For patients who had an ischemic stroke or transient ischemic attack with persistent or paroxysmal nonvalvular atrial fibrillation, oral anticoagulant therapy with warfarin, dabigatran, rivaroxaban, or apixaban is recommended for the prevention of recurrent stroke if not contraindicated (Evidence level: Ia, Recommendation grade: A). The selection of an anticoagulation therapy should be individualized based on clinical characteristics, patient preference, and the potential for drug interactions (Recommendation grade: GPP). (New recommendation)

The most notable change in the current revised guidelines is the recommendation of both NOACs and warfarin. The Ia evidence level for warfarin therapy in patients who suffered an ischemic stroke or transient ischemic attack with nonvalvular persistent or paroxysmal atrial fibrillation was assigned on the basis of the European Atrial Fibrillation Trial (EAFT) of warfarin for secondary stroke prevention7 and on an individual patient pooled analysis of 5 randomized controlled trials that included some secondary prevention subjects.8 For NOACs, large randomized controlled trials demonstrated that the efficacy and safety of dabigatran, rivaroxaban, apixaban, and edoxaban were at least non-inferior or superior to those of warfarin or aspirin.9,10,11,12,13,14 In subgroup analyses, the relative efficacy and safety of NOACs versus warfarin did not differ between patients with/without a prior history of stroke or transient ischemic attack.15,16,17,18 Moreover, the benefits of dabigatran were uniform across Asian and non-Asian subgroups.19 Despite the limitations inherent in combining heterogeneous trials testing different NOACs, 4 meta-analyses of overall trial populations and one meta-analysis that exclusively focused on patients with a prior history of stroke or transient ischemic attack consistently demonstrated that NOACs were superior to warfarin for stroke prevention as well as intracranial bleeding.20,21,22,23,24 While dabigatran, rivaroxaban, and apixaban were approved by the Korean Food and Drug Administration for stroke prevention in patients with nonvalvular atrial fibrillation, edoxaban has yet to be approved and was therefore excluded from this guideline statement. A Ia evidence level and A recommendation grade were assigned to NOACs for secondary stroke prevention in patients with atrial fibrillation. However, due to the lack of trials directly comparing NOACs, selection among the new anticoagulants was recommended at the GPP level to be dependent on patient characteristics including thrombosis risk, mechanism, comorbidities, patient preference, and the potential for drug interactions.

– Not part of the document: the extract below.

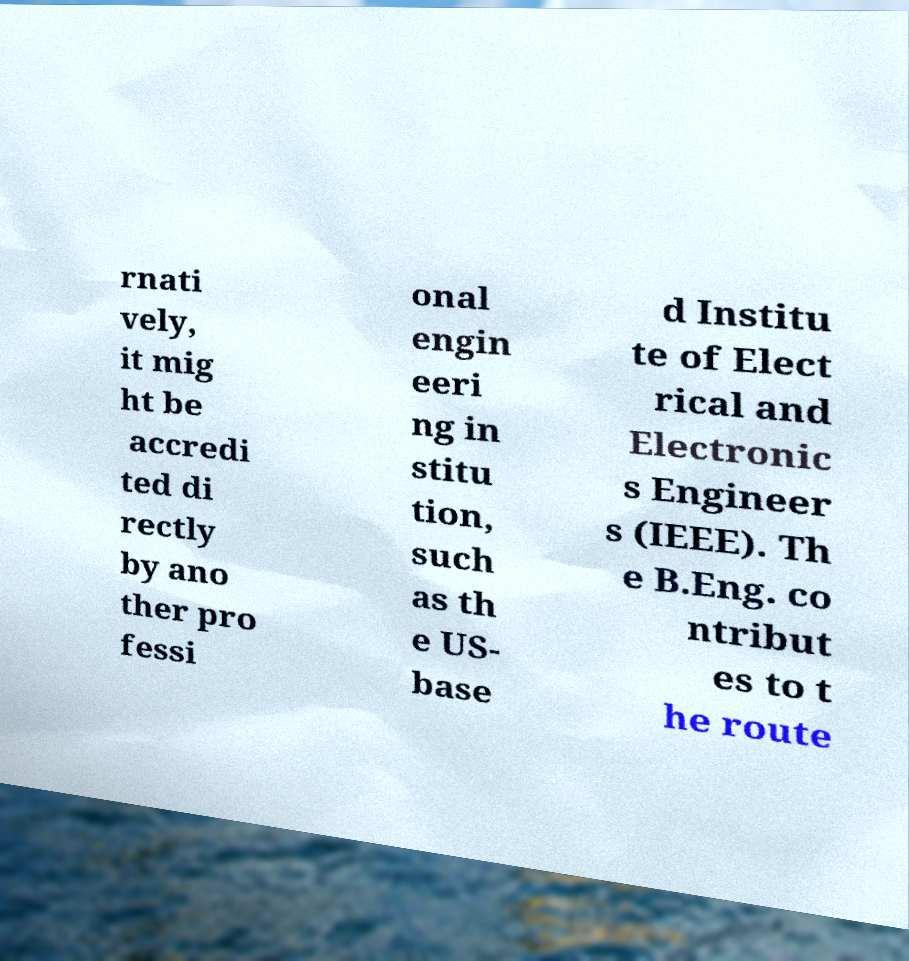There's text embedded in this image that I need extracted. Can you transcribe it verbatim? rnati vely, it mig ht be accredi ted di rectly by ano ther pro fessi onal engin eeri ng in stitu tion, such as th e US- base d Institu te of Elect rical and Electronic s Engineer s (IEEE). Th e B.Eng. co ntribut es to t he route 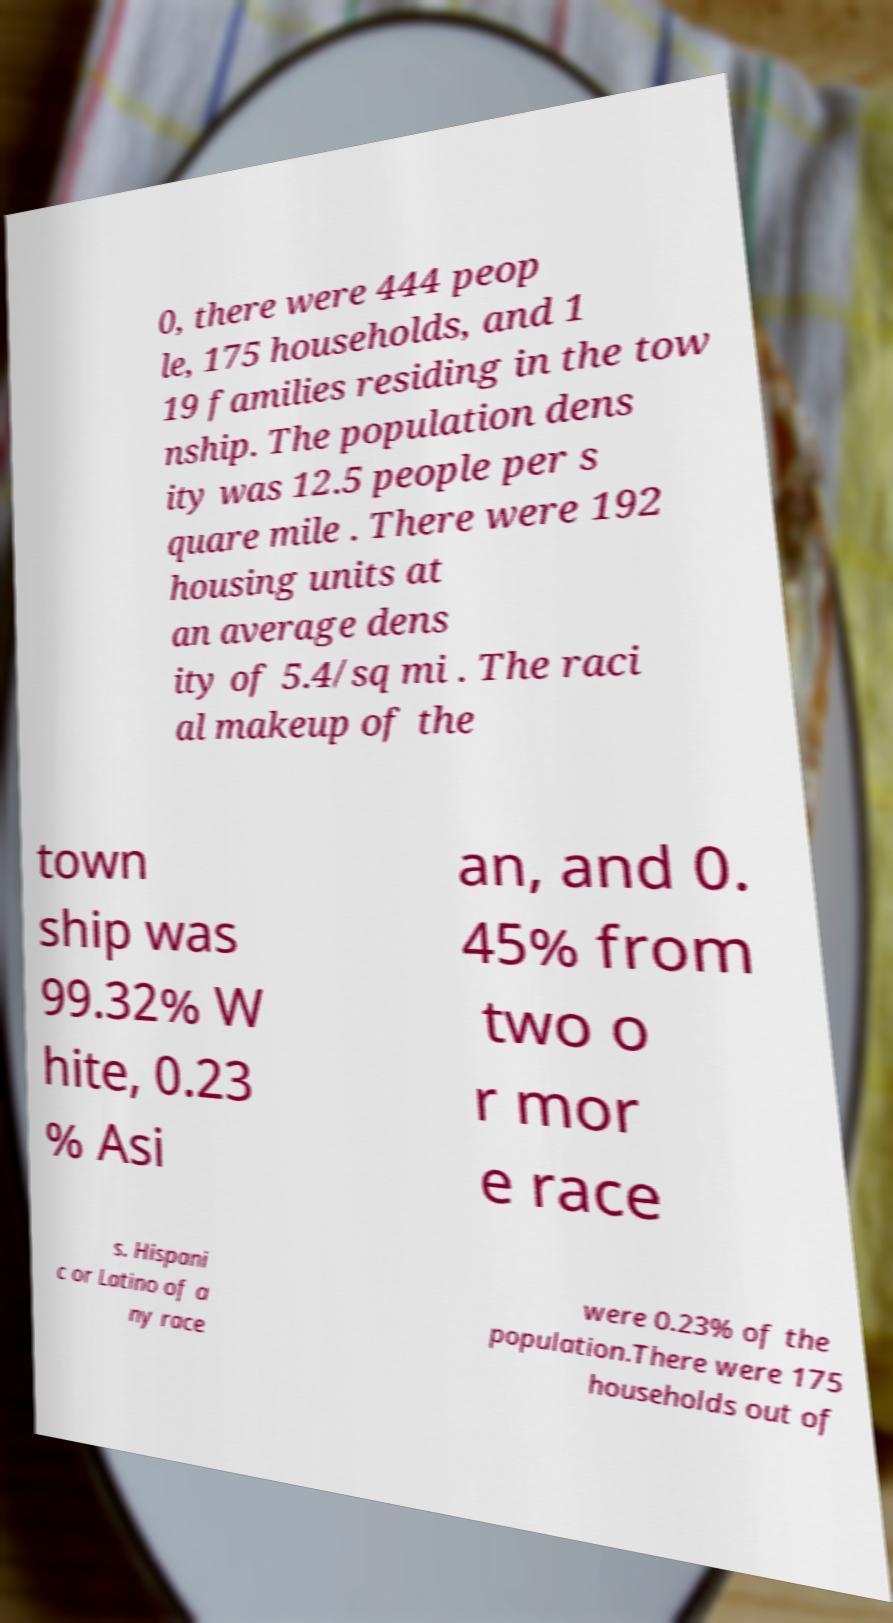There's text embedded in this image that I need extracted. Can you transcribe it verbatim? 0, there were 444 peop le, 175 households, and 1 19 families residing in the tow nship. The population dens ity was 12.5 people per s quare mile . There were 192 housing units at an average dens ity of 5.4/sq mi . The raci al makeup of the town ship was 99.32% W hite, 0.23 % Asi an, and 0. 45% from two o r mor e race s. Hispani c or Latino of a ny race were 0.23% of the population.There were 175 households out of

For patients treated with warfarin, adjusted-dose warfarin therapy targeting an INR of 2.0-3.0 is recommended (Evidence level: Ia, Recommendation grade: A). (Modified recommendation)

The Ia evidence level and A recommendation grade were assigned based on the EAFT treatment protocol targeting an INR of 2.0-3.07 and pooled data from 5 randomized controlled trials.8

For patients treated with NOACs, renal function should be evaluated prior to the initiation of a NOAC. In patients with severe renal impairment, dabigatran, rivaroxaban, and apixaban are not recommended (Evidence level: III, Recommendation grade: B). (New recommendation)

NOACs are mainly or partly eliminated by renal excretion. Therefore, renal function should be assessed prior to NOAC use. Renal dysfunction criteria for clinical trial enrollment are variable across different NOACs. The RE-LY9 and ROCKET-AF trials11 excluded patients with severe renal dysfunction (CrCl <30 mL/min), whereas the AVERROES12 and ARISTOTLE trials13 excluded patients with a serum Cr >2.5 mg/dL or CrCl <25 mL/min. In addition, regulatory approval for the use of NOACs in patients with renal dysfunction varies across countries. Taken together, these data indicate that NOACs should be selected very cautiously in cases of severely impaired renal function. This statement was given a III evidence level and B recommendation grade owing to the lack of well-designed studies.

For patients who suffered a cardioembolic ischemic stroke or transient ischemic attack despite adequate anticoagulation with warfarin, warfarin therapy targeting a higher INR, the addition of an antiplatelet agent, or a switch to dabigatran, rivaroxaban, or apixaban can be considered (Evidence level: IV, Recommendation grade: C). (Modified recommendation)

There are no validated data to serve as a basis for recommending antithrombotics for patients who had a cardioembolic ischemic stroke or transient ischemic attack despite adequate anticoagulation with warfarin. However, this is a scenario frequently encountered in clinical practice and we therefore provide a recommendation on the basis of expert consensus. For these patients, we recommend considering one of the following: a higher INR target, the addition of antiplatelet therapy, or a switch to dabigatran, rivaroxaban, or apixaban. The assigned evidence level and recommendation grade were IV and C, respectively.

Dabigatran, rivaroxaban, or apixaban can be considered in patients with nonvalvular atrial fibrillation who have a history of intracranial bleeding or are at a high risk of intracranial bleeding (Evidence level: III, Recommendation grade: B). (New recommendation)

No randomized controlled trials or experimental studies directly tested the efficacy and safety of any antithrombotic therapy for patients with nonvalvular atrial fibrillation who have a history of intracranial bleeding or are at a high risk of intracranial bleeding. However, a reduction of hemorrhagic stroke with dabigatran, rivaroxaban, and apixaban versus warfarin was demonstrated in randomized clinical trials9,10,11,12,13,14 and meta-analyses20,21,22,23,24 and further supported by subgroup analyses of patients with a history of stroke or transient ischemic attack.15,16,17,18

For patients with an ischemic stroke or transient ischemic attack and atrial fibrillation who cannot use oral anticoagulants, an antiplatelet agent should be considered (Evidence level: I, Recommendation grade: A). Aspirin monotherapy or aspirin plus clopidogrel combination therapy can be considered, and the selection of antiplatelet therapy should be based on balancing the risks of ischemic events and major bleedings (Evidence level: Ib, Recommendation grade: A). (Modified recommendation)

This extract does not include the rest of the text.